Think of it as self-hosting versus managed hosting. Small scale startups don't want to deal with all the headache so they just opt for WeWork. It's a reputable brand and they know what they are getting at any WeWork. It's similar to walking into a Hilton or Marriot. You know what to expect from it.

Hope that helps!


I don't think the debate is whether WeWork provides a better office space experience than Regus, which it does, having used both.

The question is though is it worth 10x more than it's competitor on a per customer basis?

Since they are fundamentally selling the same thing, office space, and there are ton of new startups doing the same thing with a similar vibe to WeWork in NYC, their original market, it has shown that the model is easy enough to replicate and most tenants won't benefit from a WeWork satelite network of offices since they remain local, and the customers will primarly choose on price when the same benefits are offered.
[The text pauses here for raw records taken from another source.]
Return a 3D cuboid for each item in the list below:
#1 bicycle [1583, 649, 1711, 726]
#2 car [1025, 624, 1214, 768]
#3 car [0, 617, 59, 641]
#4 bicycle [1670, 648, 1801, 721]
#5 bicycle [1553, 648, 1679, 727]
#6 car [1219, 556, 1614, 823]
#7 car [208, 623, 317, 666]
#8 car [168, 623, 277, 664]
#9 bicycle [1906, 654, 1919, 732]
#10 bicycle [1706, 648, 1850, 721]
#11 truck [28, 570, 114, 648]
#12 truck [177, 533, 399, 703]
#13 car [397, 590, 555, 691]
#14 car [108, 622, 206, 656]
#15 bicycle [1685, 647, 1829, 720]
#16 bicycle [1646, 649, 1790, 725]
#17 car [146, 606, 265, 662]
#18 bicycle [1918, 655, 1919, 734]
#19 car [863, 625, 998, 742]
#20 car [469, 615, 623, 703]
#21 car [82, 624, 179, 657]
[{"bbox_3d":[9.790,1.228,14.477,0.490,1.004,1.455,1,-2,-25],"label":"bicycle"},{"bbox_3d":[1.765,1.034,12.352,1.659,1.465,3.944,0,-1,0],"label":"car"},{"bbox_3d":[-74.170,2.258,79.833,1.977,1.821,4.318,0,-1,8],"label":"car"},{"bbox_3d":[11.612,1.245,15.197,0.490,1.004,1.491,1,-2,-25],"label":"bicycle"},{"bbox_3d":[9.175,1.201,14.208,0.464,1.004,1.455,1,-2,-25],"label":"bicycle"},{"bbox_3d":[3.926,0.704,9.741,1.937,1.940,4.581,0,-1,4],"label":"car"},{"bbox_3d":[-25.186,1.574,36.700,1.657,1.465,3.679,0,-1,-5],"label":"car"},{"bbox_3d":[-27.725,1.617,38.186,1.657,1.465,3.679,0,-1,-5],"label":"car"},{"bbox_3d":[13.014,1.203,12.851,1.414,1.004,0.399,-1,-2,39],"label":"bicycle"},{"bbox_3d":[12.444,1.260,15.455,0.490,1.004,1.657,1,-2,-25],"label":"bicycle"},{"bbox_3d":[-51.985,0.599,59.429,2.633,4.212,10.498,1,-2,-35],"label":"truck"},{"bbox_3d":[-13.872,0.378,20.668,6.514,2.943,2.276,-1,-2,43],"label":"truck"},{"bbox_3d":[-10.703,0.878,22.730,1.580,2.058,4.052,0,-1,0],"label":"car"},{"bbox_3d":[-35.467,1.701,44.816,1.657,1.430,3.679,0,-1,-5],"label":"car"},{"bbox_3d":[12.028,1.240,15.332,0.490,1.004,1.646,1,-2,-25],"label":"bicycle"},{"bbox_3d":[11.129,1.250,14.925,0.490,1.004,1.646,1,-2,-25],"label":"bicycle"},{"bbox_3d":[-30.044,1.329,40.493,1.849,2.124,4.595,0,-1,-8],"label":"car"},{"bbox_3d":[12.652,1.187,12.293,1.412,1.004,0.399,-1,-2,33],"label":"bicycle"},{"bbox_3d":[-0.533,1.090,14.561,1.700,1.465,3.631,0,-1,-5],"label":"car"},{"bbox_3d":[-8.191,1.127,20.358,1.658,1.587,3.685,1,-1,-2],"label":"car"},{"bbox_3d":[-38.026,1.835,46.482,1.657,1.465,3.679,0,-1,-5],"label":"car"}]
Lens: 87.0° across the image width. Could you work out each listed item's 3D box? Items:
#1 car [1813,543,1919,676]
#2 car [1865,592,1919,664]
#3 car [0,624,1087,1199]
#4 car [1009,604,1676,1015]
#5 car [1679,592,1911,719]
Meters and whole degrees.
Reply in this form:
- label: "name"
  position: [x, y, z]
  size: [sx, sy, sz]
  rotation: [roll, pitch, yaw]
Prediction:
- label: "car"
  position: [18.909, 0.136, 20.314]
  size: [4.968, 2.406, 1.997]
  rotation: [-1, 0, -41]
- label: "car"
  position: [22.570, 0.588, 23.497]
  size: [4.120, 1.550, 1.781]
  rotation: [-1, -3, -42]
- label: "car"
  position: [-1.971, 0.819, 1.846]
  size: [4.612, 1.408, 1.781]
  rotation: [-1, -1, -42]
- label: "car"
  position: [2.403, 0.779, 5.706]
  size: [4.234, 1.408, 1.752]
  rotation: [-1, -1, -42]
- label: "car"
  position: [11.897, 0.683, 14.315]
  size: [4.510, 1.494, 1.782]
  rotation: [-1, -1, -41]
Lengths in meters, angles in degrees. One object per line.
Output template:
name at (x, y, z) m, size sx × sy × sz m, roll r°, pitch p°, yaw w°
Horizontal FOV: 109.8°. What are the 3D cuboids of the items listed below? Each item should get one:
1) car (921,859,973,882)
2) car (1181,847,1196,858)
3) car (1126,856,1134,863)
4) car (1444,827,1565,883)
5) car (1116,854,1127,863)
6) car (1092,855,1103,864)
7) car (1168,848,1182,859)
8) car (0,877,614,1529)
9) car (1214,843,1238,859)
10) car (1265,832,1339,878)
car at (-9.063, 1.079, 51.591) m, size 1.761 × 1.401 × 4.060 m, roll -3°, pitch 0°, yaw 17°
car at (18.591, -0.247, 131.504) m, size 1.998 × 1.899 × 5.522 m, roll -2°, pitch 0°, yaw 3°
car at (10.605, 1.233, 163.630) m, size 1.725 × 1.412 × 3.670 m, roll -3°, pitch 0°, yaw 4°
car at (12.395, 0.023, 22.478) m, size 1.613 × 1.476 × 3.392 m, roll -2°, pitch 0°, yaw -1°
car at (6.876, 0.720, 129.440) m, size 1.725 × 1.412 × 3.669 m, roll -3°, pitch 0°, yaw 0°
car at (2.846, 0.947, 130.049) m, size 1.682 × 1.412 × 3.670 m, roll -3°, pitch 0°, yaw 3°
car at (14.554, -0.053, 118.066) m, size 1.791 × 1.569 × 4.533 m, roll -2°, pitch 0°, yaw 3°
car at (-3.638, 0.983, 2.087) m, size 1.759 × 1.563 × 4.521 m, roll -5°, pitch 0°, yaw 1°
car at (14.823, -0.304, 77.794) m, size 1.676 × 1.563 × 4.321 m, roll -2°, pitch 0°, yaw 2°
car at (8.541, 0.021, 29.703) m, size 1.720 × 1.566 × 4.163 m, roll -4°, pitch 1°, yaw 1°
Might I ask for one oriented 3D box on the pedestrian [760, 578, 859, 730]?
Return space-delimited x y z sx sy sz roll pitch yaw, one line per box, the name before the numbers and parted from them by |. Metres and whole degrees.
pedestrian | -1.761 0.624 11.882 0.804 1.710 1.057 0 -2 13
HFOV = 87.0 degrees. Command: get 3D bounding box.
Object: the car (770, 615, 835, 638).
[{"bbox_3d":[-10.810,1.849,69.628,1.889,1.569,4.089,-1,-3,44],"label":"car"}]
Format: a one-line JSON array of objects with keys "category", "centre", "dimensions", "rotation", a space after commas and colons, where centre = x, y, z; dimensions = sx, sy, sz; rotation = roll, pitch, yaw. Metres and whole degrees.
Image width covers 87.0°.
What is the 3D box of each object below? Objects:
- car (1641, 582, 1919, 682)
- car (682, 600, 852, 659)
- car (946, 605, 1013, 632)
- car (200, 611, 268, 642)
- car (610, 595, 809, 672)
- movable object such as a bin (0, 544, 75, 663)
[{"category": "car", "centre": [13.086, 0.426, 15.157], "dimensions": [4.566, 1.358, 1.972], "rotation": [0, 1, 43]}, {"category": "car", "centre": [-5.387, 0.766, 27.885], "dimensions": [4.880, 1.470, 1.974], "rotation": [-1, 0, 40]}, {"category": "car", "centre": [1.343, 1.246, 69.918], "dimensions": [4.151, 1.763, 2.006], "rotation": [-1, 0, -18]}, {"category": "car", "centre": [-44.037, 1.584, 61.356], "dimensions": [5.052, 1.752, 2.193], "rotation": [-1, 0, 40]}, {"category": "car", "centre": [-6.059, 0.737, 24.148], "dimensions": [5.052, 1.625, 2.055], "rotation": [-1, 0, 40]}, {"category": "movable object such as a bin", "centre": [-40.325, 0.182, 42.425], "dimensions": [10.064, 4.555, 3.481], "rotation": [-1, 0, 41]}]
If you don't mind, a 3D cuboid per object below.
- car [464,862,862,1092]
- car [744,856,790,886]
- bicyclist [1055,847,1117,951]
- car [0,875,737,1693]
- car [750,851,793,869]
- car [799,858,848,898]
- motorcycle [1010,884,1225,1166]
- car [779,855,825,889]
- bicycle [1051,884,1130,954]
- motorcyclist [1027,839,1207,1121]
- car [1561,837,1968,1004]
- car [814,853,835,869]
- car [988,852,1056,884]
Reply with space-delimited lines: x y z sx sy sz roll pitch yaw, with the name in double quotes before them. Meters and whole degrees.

So a 10x multiple increase over their closest competitor at scale would imply that they have a foreseeable future where they are doing 10x more revenue, which would be approaching $8-10B.

Also in a market that is heavily dependent upon the general health of the fiscal market that would imply 100% growth for each of the next 3 years and the global economy not hitting a recession which would certainly impact their revenue. That's before we even get into the fact they are losing over a $1B a year as well.

They are well capitalized so that is less of an issue, but people are basically implying that either WeWork owns the entire coworking office space market, or these other initiatives take off.

There is a possibility for that to work. After all half of Amazon's current market cap is actually AWS and that is far removed from their original ship books to customers business model when they first launched.

So it is possible that WeLive can become a large contributor over time, but I would prefer to see more numbers on that and how that is progressing and if it's really a working model, then the rehash of the coworking office space analysis.